The high definition DVD format is one of two high definition formats, the same size as a CD and DVD, that have been introduced into the marketplace, the other one being the BLU-RAY disc. The need for these formats was sparked by the emergence of high definition television.
In order to playback movies in high definition, an optical disc format with a high storage capacity was required. DVDs provide very good movie quality on regular televisions, but suffer when it comes to being shown on high definition televisions. DVDs do not have the storage capacity that is required to store a full high definition movie. In fact, a DVD can only hold 20 minutes of high definition television footage. Also, the recordable DVD and erasable DVD formats do not have enough storage capacity to be able to record high definition programming. Therefore, high definition digital optical disc formats were born.
The HD DVD became available in the spring of 2006, but by the spring of 2008 the format was abandoned by Toshiba, JVC, NEC, Mitsubishi and a number of other companies which supported the format. The reason for this move was essentially a lost format war with the BLU-RAY disc which is not compatible with the HD DVD. Sony and many other manufacturers were part of the BLU-RAY disc group that managed to dominate the market and push the high definition DVD group to fold.

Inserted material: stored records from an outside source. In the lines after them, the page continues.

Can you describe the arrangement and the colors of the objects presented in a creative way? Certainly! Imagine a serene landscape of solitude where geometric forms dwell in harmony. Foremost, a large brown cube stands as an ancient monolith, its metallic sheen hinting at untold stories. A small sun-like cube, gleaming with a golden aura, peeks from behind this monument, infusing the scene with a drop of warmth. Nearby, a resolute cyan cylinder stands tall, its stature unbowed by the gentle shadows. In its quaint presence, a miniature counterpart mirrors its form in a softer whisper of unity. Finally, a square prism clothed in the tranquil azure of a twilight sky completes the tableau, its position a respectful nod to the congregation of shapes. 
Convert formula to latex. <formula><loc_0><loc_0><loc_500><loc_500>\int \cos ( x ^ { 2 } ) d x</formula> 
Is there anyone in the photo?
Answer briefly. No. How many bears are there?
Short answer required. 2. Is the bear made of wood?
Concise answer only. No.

An HD DVD disc is the same size as a DVD and of similar construction and similar manufacturing. The main difference is greater storage capacity. A HD DVD with one information layer is in the 15 to 20 GB range, which is about 3 to 4 times greater than a one information layer DVD. The greater storage capacity means that a different laser is required to read the disc. The laser is not red like in DVDs, but rather blue which has a much shorter wavelength (405 nm compared to 650 nm for DVDs and 780 nm for CDs).

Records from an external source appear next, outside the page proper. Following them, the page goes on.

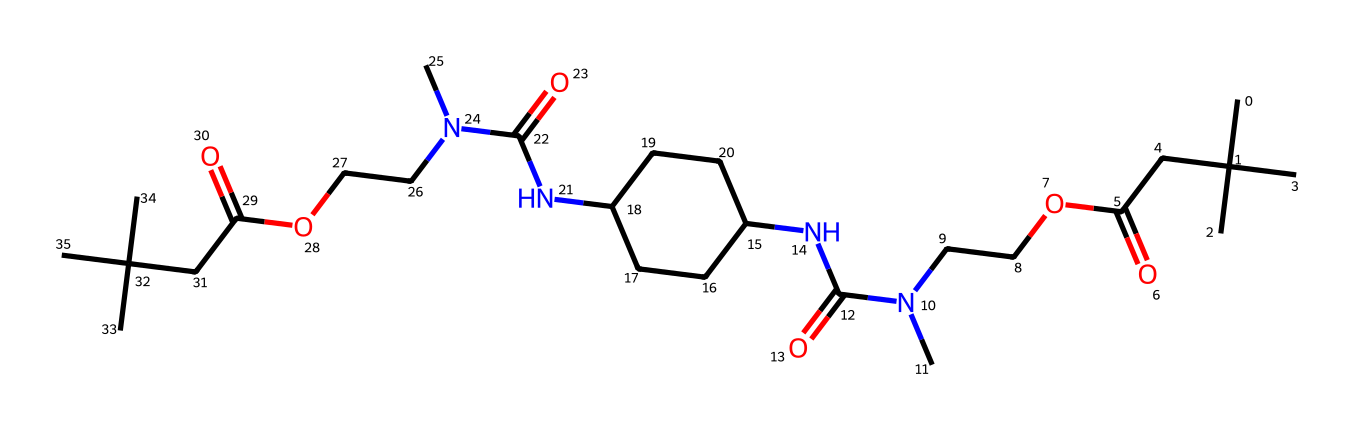What type of polymer is represented by this structure? The presence of multiple amide linkages (–CO–NH–) indicates that this polymer is a type of polyurethane. Polyurethanes are formed from the reaction of diisocyanates with polyols, and the structure reveals these characteristics.
Answer: polyurethane How many nitrogen atoms are present in the structure? By examining the SMILES representation, we can count the nitrogen atoms, which appear at specific points in the chain. In this case, there are three distinct nitrogen atoms.
Answer: 3 What type of functional groups are prominent in this polymer? Observing the chemical structure, we can identify several functional groups: esters (–COO–) and amides (–CONH–) are notably present, which are characteristic of polyurethanes. The esters come from the polyol, while the amides come from the isocyanate component.
Answer: esters and amides What is the backbone of this polymer primarily composed of? The backbone of the polymer is primarily composed of carbon atoms (C). The carbon skeleton serves as the main chain to which functional groups such as amides and esters are attached.
Answer: carbon atoms What property of the polymer might be influenced by its branching structure? The branching structure of this polymer can influence its flexibility and strength. More branching often leads to increased flexibility, which is beneficial in applications such as football cleats where mobility is essential.
Answer: flexibility

High definition discs were available in the three categories of discs: read-only (HD DVD), write-once (HD DVD-R), and erasable (HD DVD-RW or HD DVD-RAM). Although HD DVD movies discs were readily available, the remaining formats never gained much momentum in the marketplace. Regardless, HD DVD discs are no longer being manufactured and neither is the equipment to read them. Once the current crop of players stops functioning, then the information on these discs will no longer be accessible. Therefore, it is obvious that the high definition DVD is not an option for digital scrapbooking storage. This highlights the importance of proper media selection when deciding what to store your digital memories on.